Re: [PATCH 5.4 160/344] dmaengine: imx-sdma: Fix memory leak
From: Sasha Levin
Date: Mon Feb 24 2020 - 16:23:24 EST
On Mon, Feb 24, 2020 at 03:57:18PM +0100, Sascha Hauer wrote:
On Mon, Feb 24, 2020 at 01:24:04PM +0000, Andreas Tobler wrote:
Hi all,
On 21.02.20 08:39, Greg Kroah-Hartman wrote:
> From: Sascha Hauer <s.hauer@xxxxxxxxxxxxxx>
>
> [ Upstream commit 02939cd167095f16328a1bd5cab5a90b550606df ]
>
> The current descriptor is not on any list of the virtual DMA channel.
> Once sdma_terminate_all() is called when a descriptor is currently
> in flight then this one is forgotten to be freed. We have to call
> vchan_terminate_vdesc() on this descriptor to re-add it to the lists.
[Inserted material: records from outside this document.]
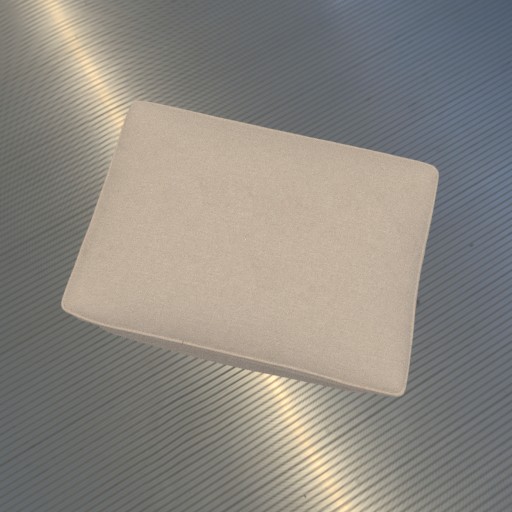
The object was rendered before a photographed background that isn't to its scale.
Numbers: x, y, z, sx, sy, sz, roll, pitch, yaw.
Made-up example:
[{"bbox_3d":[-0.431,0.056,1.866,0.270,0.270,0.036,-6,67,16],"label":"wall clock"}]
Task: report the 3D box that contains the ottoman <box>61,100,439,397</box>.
[{"bbox_3d":[0.000,0.000,1.010,0.665,0.456,0.501,13,77,3],"label":"ottoman"}]
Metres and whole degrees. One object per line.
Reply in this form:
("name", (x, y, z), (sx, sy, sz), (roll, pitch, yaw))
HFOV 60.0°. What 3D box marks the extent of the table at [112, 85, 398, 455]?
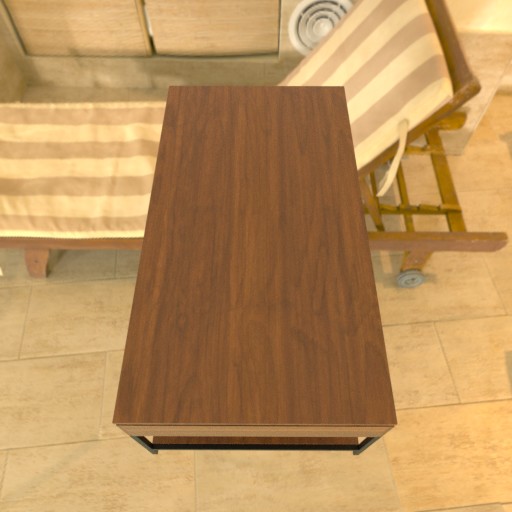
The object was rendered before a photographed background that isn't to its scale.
("table", (0.000, 0.000, 1.347), (0.574, 0.414, 1.057), (0, 58, 0))
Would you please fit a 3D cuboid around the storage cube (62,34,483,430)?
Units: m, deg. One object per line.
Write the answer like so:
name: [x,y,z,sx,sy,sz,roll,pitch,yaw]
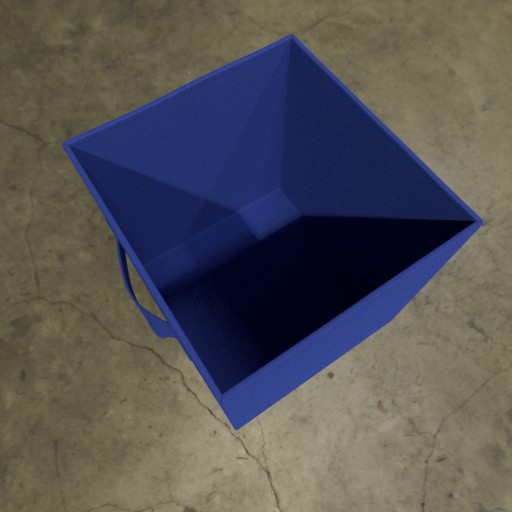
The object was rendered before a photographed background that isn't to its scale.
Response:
storage cube: [0.000,0.000,0.497,0.270,0.280,0.270,-31,69,-14]
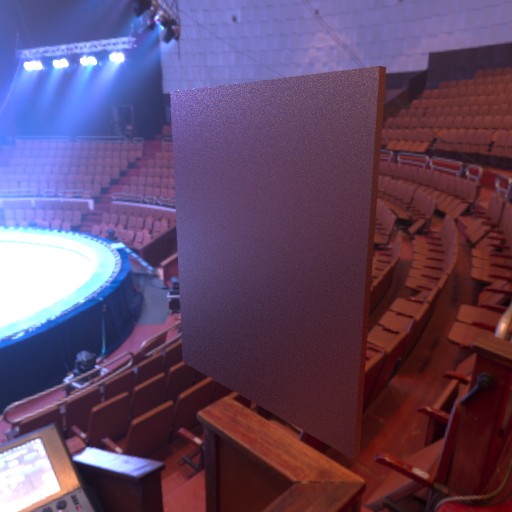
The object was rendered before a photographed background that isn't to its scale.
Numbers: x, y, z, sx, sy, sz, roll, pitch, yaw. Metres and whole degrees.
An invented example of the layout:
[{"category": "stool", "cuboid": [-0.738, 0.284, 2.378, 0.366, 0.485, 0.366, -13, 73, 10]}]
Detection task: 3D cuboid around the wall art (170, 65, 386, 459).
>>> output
[{"category": "wall art", "cuboid": [0.000, 0.000, 1.423, 0.816, 1.046, 0.030, 14, 20, 43]}]
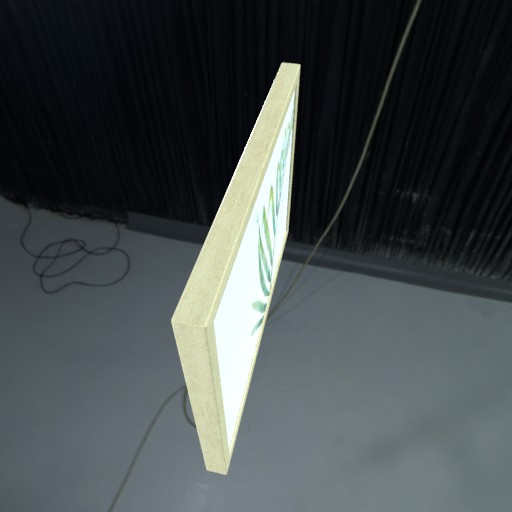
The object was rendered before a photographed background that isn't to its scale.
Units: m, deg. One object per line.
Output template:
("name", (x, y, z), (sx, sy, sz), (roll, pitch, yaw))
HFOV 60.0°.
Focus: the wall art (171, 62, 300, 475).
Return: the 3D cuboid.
("wall art", (0.000, 0.000, 0.695), (0.032, 0.381, 0.533), (9, 47, 9))
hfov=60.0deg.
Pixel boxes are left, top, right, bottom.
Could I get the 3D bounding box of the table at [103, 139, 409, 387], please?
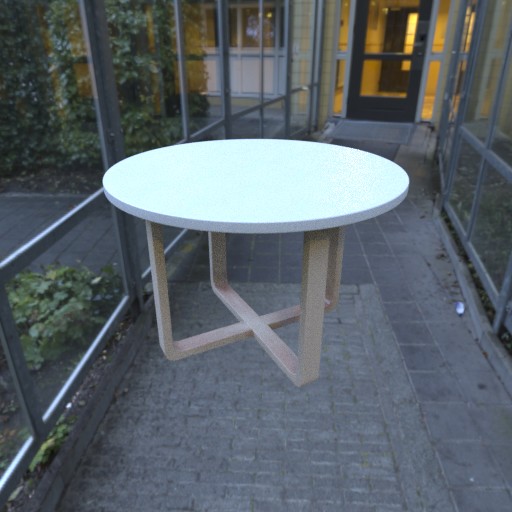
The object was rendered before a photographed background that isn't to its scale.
[{"bbox_3d":[0.000,0.000,0.995,0.600,0.400,0.600,0,26,0],"label":"table"}]
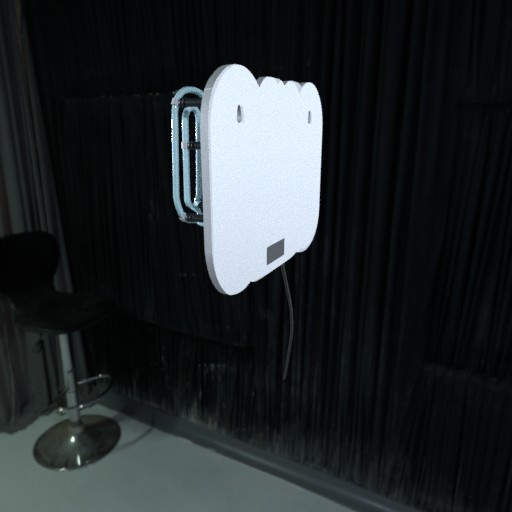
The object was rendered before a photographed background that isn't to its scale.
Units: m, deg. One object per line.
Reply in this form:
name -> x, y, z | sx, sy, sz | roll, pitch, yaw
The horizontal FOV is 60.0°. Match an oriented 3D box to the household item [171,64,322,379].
household item -> 0.000, 0.000, 0.389 | 0.042, 0.294, 0.211 | 8, 18, 25
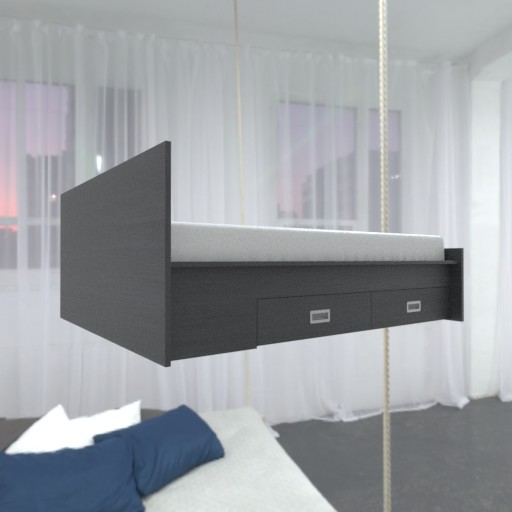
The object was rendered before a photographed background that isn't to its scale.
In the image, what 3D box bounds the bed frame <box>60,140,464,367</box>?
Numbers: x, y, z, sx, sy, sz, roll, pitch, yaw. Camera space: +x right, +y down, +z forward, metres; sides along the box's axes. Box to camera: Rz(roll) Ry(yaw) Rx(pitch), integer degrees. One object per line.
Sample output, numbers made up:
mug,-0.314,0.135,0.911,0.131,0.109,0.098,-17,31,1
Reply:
bed frame,0.000,0.000,2.793,1.960,0.800,1.622,0,0,-36
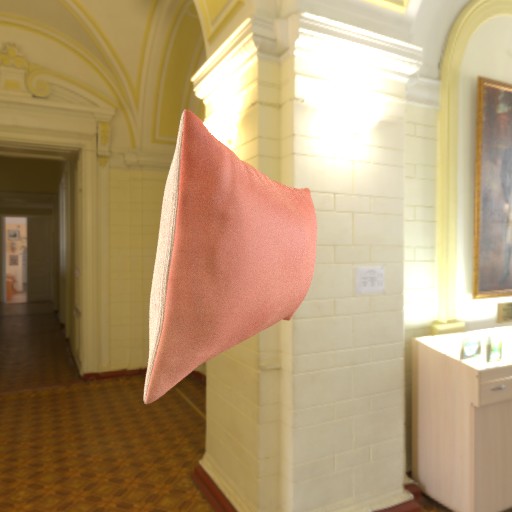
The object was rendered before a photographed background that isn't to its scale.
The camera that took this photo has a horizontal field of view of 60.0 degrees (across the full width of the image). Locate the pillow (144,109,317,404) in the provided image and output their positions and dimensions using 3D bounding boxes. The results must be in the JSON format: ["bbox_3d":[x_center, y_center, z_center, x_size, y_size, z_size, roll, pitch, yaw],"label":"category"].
[{"bbox_3d":[0.000,0.000,0.745,0.155,0.307,0.608,0,1,19],"label":"pillow"}]
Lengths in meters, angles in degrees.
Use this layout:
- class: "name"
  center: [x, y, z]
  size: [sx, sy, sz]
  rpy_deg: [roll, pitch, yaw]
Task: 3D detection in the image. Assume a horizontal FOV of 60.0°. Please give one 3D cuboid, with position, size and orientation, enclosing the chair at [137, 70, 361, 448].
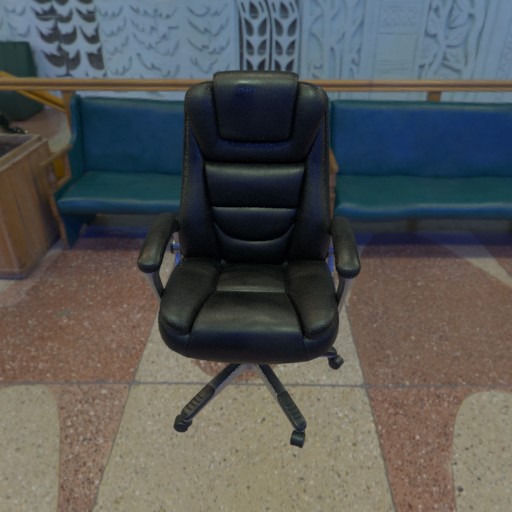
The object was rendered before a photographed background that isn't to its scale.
- class: "chair"
  center: [0.000, 0.000, 1.478]
  size: [0.697, 1.075, 0.689]
  rpy_deg: [1, 31, 2]
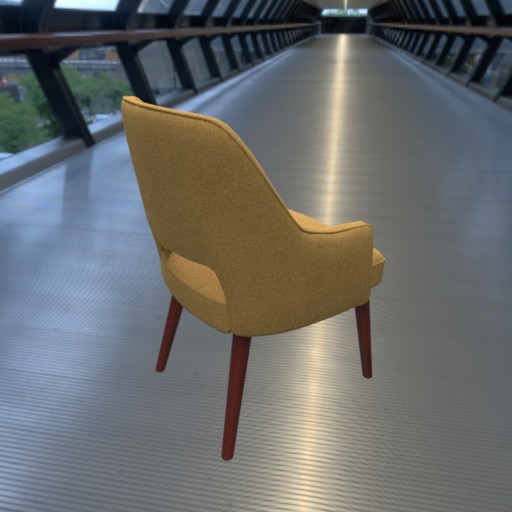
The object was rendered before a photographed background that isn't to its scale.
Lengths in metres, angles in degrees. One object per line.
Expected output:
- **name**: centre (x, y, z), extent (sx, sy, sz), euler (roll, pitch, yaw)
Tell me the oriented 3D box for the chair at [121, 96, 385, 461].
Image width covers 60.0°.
- **chair**: centre (0.000, 0.000, 1.222), extent (0.605, 0.849, 0.548), euler (-18, 32, -31)
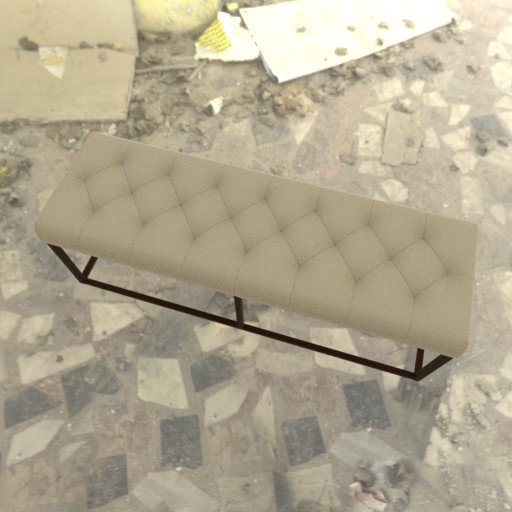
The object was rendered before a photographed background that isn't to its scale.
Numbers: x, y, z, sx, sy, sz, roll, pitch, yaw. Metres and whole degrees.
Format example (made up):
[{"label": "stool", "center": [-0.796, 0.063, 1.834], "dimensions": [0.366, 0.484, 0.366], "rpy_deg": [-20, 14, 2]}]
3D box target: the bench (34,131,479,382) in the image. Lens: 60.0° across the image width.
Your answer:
[{"label": "bench", "center": [0.000, 0.000, 1.710], "dimensions": [1.488, 0.488, 0.479], "rpy_deg": [15, 63, 8]}]
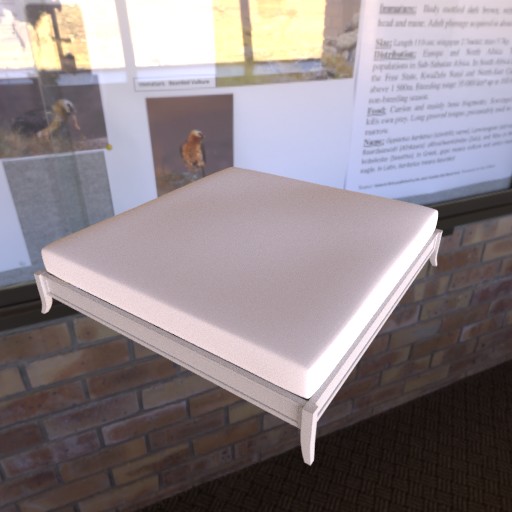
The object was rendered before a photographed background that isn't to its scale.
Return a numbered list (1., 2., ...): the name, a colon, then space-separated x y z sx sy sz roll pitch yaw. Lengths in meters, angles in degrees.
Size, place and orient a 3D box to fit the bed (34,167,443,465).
1. bed: 0.000 0.000 3.082 2.007 0.510 2.108 18 34 29
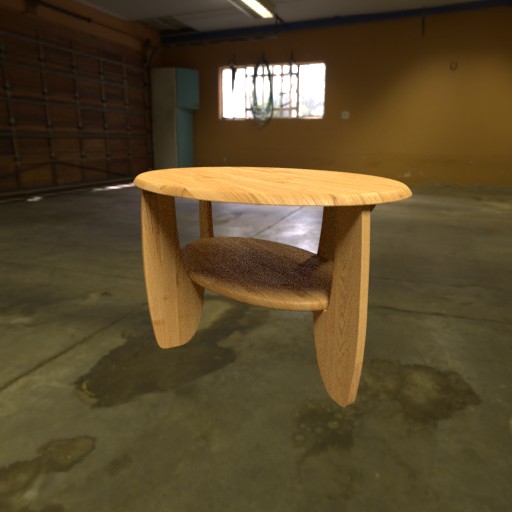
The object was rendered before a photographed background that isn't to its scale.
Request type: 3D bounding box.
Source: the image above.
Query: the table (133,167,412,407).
[{"bbox_3d":[0.000,0.000,1.376,0.690,0.490,1.040,-7,16,-25],"label":"table"}]
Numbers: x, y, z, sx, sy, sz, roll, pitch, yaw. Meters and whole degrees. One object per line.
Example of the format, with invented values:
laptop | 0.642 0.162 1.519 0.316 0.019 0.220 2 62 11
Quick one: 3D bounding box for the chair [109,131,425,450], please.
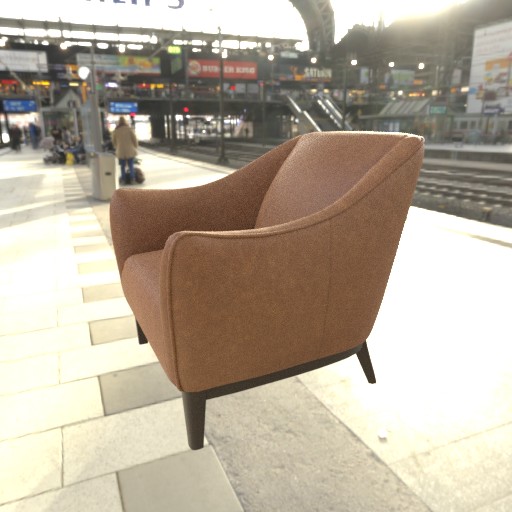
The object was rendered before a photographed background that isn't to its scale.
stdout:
chair | 0.000 0.000 1.536 0.852 0.830 0.871 -8 18 -25

> Now that we also free the currently running descriptor we can (and
> actually have to) remove the current descriptor from its list also
> for the cyclic case.
>
> Signed-off-by: Sascha Hauer <s.hauer@xxxxxxxxxxxxxx>
> Reviewed-by: Robin Gong <yibin.gong@xxxxxxx>
> Tested-by: Robin Gong <yibin.gong@xxxxxxx>
> Link: https://lore.kernel.org/r/20191216105328.15198-10-s.hauer@xxxxxxxxxxxxxx
> Signed-off-by: Vinod Koul <vkoul@xxxxxxxxxx>
> Signed-off-by: Sasha Levin <sashal@xxxxxxxxxx>
> ---
> drivers/dma/imx-sdma.c | 19 +++++++++++--------
> 1 file changed, 11 insertions(+), 8 deletions(-)
>
> diff --git a/drivers/dma/imx-sdma.c b/drivers/dma/imx-sdma.c
> index c27e206a764c3..66f1b2ac5cde4 100644
> --- a/drivers/dma/imx-sdma.c
> +++ b/drivers/dma/imx-sdma.c
> @@ -760,12 +760,8 @@ static void sdma_start_desc(struct sdma_channel *sdmac)
> return;
> }
> sdmac->desc = desc = to_sdma_desc(&vd->tx);
> - /*
> - * Do not delete the node in desc_issued list in cyclic mode, otherwise
> - * the desc allocated will never be freed in vchan_dma_desc_free_list
> - */
> - if (!(sdmac->flags & IMX_DMA_SG_LOOP))
> - list_del(&vd->node);
> +
> + list_del(&vd->node);
>
> sdma->channel_control[channel].base_bd_ptr = desc->bd_phys;
> sdma->channel_control[channel].current_bd_ptr = desc->bd_phys;
> @@ -1071,7 +1067,6 @@ static void sdma_channel_terminate_work(struct work_struct *work)
>
> spin_lock_irqsave(&sdmac->vc.lock, flags);
> vchan_get_all_descriptors(&sdmac->vc, &head);
> - sdmac->desc = NULL;
> spin_unlock_irqrestore(&sdmac->vc.lock, flags);
> vchan_dma_desc_free_list(&sdmac->vc, &head);
> sdmac->context_loaded = false;
> @@ -1080,11 +1075,19 @@ static void sdma_channel_terminate_work(struct work_struct *work)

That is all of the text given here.